Data excerpts:
Segment Open

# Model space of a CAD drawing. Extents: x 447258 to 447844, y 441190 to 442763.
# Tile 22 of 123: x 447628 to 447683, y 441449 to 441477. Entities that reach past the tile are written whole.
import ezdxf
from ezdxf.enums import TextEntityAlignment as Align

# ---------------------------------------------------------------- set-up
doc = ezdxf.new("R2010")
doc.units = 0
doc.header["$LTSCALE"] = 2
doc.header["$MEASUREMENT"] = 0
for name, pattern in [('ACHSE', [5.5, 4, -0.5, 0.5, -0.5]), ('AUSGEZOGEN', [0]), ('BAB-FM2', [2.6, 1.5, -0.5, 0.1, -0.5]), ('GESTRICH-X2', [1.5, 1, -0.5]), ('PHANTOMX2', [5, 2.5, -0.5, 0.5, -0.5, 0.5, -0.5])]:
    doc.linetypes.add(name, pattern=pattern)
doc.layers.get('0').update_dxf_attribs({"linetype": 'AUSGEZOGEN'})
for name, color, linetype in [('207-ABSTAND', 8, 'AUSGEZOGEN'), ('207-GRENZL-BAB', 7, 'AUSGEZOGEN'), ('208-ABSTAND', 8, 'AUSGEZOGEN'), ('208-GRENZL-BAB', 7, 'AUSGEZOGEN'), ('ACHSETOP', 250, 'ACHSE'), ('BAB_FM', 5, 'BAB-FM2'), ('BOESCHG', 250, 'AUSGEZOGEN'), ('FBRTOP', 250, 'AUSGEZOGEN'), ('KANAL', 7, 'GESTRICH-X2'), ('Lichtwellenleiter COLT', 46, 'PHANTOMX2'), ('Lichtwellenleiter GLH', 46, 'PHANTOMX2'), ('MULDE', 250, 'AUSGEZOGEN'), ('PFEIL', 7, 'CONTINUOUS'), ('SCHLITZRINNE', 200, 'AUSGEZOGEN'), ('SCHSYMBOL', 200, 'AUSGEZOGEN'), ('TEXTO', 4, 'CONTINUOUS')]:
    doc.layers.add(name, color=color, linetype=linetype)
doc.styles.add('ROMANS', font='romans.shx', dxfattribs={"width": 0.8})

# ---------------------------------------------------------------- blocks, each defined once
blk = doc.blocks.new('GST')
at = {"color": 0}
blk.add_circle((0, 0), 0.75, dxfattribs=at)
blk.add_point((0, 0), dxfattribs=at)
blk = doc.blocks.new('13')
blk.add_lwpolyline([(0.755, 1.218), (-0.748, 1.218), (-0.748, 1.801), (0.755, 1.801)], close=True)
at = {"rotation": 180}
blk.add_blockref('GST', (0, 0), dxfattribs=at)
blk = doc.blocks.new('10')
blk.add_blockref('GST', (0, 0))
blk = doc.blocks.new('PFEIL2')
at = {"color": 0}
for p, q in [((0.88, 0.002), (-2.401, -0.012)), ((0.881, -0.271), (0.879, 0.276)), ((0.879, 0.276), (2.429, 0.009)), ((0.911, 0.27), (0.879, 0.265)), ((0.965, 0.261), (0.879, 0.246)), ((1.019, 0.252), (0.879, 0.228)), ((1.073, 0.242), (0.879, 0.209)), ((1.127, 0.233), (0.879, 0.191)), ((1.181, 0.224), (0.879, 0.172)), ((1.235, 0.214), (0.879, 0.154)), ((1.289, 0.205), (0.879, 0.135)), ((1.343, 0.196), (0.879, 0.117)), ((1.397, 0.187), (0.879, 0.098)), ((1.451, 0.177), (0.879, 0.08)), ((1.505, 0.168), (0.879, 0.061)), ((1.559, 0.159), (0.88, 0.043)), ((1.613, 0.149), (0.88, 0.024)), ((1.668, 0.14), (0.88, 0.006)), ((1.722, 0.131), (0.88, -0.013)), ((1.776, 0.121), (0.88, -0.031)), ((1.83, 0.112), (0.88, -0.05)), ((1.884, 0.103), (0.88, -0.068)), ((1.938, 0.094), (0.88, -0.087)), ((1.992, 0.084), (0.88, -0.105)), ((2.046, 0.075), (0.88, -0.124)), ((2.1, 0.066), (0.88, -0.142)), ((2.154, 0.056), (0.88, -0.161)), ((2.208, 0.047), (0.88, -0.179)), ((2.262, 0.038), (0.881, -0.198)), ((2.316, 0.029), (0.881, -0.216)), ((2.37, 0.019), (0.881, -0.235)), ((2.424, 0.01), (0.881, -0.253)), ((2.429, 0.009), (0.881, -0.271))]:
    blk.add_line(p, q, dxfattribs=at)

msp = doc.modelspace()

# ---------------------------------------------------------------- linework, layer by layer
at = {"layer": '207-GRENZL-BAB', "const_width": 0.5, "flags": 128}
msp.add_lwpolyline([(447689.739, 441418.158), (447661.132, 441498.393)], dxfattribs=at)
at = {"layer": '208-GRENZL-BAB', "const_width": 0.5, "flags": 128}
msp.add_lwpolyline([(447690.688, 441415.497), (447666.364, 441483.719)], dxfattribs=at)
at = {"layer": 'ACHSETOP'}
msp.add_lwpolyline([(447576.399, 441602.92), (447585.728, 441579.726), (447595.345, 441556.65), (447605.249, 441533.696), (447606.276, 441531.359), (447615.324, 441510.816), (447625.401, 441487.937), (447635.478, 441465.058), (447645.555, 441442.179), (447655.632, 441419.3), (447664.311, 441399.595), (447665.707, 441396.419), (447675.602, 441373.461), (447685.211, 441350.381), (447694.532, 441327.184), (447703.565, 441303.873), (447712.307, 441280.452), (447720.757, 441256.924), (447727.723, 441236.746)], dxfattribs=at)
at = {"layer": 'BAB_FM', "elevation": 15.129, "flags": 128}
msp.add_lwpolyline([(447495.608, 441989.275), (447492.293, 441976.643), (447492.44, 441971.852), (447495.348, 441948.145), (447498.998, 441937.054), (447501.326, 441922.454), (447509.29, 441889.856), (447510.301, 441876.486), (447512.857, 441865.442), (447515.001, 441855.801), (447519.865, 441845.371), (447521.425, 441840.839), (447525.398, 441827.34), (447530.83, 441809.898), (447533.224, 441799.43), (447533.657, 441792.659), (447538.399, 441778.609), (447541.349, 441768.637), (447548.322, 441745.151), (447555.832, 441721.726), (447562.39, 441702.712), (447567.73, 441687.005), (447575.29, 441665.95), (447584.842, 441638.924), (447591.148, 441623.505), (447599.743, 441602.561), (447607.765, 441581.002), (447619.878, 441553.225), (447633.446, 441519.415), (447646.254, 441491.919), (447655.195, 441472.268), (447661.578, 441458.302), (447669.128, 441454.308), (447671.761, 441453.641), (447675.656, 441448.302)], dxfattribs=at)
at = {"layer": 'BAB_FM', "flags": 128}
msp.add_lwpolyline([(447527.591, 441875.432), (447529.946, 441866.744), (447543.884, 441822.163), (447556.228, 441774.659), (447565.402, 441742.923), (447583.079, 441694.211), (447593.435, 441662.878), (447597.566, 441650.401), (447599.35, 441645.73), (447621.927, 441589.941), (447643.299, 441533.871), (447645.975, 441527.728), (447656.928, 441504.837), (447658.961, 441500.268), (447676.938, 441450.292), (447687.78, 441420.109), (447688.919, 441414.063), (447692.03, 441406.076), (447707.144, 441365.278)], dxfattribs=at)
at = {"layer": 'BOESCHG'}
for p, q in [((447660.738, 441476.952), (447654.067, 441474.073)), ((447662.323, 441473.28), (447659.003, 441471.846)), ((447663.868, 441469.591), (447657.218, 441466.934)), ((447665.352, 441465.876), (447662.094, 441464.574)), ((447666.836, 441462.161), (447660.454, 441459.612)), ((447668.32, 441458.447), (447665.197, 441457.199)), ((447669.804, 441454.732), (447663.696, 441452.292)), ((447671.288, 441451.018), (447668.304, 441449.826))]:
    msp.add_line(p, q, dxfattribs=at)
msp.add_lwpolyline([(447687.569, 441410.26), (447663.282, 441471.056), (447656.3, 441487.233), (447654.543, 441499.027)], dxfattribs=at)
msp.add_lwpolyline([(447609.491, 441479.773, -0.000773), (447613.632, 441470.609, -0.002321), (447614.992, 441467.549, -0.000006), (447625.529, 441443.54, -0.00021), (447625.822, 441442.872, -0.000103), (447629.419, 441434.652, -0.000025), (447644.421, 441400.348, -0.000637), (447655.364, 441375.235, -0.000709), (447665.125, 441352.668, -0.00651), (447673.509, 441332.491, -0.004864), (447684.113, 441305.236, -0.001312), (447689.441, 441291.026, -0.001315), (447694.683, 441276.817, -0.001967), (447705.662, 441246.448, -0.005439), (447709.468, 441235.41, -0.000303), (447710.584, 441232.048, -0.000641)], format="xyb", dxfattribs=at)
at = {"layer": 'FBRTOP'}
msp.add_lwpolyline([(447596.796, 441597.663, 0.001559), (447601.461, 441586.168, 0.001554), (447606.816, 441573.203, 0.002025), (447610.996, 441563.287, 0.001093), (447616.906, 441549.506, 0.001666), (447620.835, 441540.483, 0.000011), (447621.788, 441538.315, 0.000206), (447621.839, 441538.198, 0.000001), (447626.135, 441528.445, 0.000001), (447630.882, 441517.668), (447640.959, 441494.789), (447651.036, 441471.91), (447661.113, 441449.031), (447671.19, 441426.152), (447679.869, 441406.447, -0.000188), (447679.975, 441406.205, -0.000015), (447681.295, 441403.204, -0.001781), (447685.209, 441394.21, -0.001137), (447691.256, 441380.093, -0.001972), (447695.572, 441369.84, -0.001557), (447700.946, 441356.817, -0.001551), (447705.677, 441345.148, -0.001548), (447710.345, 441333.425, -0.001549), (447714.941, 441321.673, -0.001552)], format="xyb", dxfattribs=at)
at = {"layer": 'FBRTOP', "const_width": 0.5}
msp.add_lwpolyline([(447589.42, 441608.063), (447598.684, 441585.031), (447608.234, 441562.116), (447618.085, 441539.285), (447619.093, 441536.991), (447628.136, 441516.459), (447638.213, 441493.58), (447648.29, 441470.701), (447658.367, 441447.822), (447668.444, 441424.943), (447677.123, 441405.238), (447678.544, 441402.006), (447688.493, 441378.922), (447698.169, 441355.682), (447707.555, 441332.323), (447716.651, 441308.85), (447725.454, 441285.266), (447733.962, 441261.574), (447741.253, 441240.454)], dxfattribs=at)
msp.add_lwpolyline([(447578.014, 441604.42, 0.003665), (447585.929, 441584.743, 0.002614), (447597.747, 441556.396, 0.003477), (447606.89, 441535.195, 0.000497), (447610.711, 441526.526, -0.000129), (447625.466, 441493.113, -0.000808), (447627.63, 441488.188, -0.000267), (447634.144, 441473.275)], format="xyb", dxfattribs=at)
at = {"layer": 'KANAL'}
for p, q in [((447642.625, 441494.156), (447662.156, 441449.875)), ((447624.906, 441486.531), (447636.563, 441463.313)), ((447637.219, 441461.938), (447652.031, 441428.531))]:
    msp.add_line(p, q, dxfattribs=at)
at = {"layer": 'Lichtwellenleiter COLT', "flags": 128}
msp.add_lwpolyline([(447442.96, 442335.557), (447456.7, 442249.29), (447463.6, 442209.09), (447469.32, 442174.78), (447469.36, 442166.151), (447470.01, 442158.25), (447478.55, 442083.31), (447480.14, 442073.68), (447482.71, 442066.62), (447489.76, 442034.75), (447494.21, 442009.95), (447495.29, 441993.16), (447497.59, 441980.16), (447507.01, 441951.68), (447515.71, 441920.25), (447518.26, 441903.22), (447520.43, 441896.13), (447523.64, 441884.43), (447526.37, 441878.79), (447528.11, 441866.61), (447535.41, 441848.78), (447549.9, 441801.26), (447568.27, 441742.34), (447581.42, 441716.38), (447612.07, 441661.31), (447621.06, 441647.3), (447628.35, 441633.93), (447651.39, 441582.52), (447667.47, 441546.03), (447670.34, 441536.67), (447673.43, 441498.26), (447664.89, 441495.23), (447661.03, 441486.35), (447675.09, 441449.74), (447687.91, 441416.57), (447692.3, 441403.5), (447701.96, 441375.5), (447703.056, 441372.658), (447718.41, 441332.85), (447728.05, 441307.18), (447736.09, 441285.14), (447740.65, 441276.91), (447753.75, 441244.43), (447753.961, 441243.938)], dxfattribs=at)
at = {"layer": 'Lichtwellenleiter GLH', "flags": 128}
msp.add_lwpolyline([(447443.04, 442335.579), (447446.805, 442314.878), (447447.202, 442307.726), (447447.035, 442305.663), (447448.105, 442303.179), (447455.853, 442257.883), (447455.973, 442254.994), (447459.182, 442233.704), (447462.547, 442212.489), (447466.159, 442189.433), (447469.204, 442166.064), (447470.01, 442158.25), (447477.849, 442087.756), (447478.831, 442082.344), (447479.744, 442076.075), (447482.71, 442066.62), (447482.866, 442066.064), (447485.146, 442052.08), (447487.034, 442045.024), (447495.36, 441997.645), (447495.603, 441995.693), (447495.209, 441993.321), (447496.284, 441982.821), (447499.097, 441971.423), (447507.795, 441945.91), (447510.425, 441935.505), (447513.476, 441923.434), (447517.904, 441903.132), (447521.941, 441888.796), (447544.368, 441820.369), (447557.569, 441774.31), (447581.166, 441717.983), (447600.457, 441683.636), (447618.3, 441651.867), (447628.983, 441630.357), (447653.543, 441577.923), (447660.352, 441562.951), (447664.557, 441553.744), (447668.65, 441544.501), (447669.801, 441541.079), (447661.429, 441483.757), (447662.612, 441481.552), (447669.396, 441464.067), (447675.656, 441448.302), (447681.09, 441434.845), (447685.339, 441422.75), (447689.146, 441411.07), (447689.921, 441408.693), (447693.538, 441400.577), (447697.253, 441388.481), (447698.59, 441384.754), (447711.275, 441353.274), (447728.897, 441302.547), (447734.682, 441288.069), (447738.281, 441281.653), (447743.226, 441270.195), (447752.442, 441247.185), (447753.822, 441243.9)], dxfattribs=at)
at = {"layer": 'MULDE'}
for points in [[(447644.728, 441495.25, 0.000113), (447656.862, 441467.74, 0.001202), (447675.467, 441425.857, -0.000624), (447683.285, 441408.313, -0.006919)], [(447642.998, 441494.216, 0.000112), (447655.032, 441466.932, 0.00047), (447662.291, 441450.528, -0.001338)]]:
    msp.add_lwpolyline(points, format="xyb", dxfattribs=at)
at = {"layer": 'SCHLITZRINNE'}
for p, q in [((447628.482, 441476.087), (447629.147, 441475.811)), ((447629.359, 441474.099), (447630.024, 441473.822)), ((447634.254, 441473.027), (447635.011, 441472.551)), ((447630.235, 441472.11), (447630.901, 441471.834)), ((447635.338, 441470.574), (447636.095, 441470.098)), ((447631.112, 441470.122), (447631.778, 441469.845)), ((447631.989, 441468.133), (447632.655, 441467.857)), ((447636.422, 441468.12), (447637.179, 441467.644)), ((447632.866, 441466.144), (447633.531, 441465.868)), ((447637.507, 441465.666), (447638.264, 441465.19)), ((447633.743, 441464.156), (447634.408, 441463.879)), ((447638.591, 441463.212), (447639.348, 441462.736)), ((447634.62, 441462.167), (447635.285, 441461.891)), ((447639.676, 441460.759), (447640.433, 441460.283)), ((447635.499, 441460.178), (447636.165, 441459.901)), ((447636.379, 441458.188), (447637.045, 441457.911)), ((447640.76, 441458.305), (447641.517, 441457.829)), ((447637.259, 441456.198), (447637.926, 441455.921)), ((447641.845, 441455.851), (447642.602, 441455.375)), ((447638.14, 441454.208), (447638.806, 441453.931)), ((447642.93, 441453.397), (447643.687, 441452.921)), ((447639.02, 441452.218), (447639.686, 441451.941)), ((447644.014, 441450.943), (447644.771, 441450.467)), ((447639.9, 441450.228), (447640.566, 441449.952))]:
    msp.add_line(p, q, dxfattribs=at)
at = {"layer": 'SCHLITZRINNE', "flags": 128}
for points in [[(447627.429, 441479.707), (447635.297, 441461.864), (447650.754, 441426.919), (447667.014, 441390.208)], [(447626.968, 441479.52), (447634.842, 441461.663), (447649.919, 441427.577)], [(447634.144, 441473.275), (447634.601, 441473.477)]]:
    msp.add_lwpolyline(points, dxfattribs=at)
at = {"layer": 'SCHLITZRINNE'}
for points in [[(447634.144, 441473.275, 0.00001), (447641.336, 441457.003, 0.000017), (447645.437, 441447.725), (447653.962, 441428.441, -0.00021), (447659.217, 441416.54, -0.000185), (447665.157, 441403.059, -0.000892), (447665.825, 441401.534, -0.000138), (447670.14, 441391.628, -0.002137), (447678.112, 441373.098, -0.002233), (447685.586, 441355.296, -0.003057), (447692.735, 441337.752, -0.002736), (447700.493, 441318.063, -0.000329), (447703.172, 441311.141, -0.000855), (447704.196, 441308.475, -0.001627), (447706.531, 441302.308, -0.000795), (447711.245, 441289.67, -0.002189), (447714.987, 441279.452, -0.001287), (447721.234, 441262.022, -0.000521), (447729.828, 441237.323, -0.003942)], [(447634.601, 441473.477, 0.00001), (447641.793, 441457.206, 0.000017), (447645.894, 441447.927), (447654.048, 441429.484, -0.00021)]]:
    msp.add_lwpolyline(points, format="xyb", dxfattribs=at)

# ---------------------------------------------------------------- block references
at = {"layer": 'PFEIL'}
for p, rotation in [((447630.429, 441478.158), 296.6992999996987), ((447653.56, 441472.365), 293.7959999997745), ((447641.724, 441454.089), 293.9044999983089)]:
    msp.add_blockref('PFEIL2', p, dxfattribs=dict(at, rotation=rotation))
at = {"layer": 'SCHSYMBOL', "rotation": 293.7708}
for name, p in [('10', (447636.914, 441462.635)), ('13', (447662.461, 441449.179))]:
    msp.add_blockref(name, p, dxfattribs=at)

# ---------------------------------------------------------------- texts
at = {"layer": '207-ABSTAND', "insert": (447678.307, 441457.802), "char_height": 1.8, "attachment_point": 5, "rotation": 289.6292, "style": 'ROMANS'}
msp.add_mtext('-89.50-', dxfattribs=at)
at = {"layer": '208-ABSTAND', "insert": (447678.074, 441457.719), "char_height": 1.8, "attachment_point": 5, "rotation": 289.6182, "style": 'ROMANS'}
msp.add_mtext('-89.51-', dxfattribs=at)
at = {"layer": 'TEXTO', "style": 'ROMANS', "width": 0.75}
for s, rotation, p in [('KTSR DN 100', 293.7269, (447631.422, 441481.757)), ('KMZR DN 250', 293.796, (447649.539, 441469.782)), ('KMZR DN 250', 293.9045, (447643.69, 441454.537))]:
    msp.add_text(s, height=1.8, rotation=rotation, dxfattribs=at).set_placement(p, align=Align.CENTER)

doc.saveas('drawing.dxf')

Segment Closed

In exact wording, restate the lines of the data above from the first through the one holding "for name, color, linetype", and stop after that line.

* **Answer**:
# Model space of a CAD drawing. Extents: x 447258 to 447844, y 441190 to 442763.
# Tile 22 of 123: x 447628 to 447683, y 441449 to 441477. Entities that reach past the tile are written whole.
import ezdxf
from ezdxf.enums import TextEntityAlignment as Align

# ---------------------------------------------------------------- set-up
doc = ezdxf.new("R2010")
doc.units = 0
doc.header["$LTSCALE"] = 2
doc.header["$MEASUREMENT"] = 0
for name, pattern in [('ACHSE', [5.5, 4, -0.5, 0.5, -0.5]), ('AUSGEZOGEN', [0]), ('BAB-FM2', [2.6, 1.5, -0.5, 0.1, -0.5]), ('GESTRICH-X2', [1.5, 1, -0.5]), ('PHANTOMX2', [5, 2.5, -0.5, 0.5, -0.5, 0.5, -0.5])]:
    doc.linetypes.add(name, pattern=pattern)
doc.layers.get('0').update_dxf_attribs({"linetype": 'AUSGEZOGEN'})
for name, color, linetype in [('207-ABSTAND', 8, 'AUSGEZOGEN'), ('207-GRENZL-BAB', 7, 'AUSGEZOGEN'), ('208-ABSTAND', 8, 'AUSGEZOGEN'), ('208-GRENZL-BAB', 7, 'AUSGEZOGEN'), ('ACHSETOP', 250, 'ACHSE'), ('BAB_FM', 5, 'BAB-FM2'), ('BOESCHG', 250, 'AUSGEZOGEN'), ('FBRTOP', 250, 'AUSGEZOGEN'), ('KANAL', 7, 'GESTRICH-X2'), ('Lichtwellenleiter COLT', 46, 'PHANTOMX2'), ('Lichtwellenleiter GLH', 46, 'PHANTOMX2'), ('MULDE', 250, 'AUSGEZOGEN'), ('PFEIL', 7, 'CONTINUOUS'), ('SCHLITZRINNE', 200, 'AUSGEZOGEN'), ('SCHSYMBOL', 200, 'AUSGEZOGEN'), ('TEXTO', 4, 'CONTINUOUS')]:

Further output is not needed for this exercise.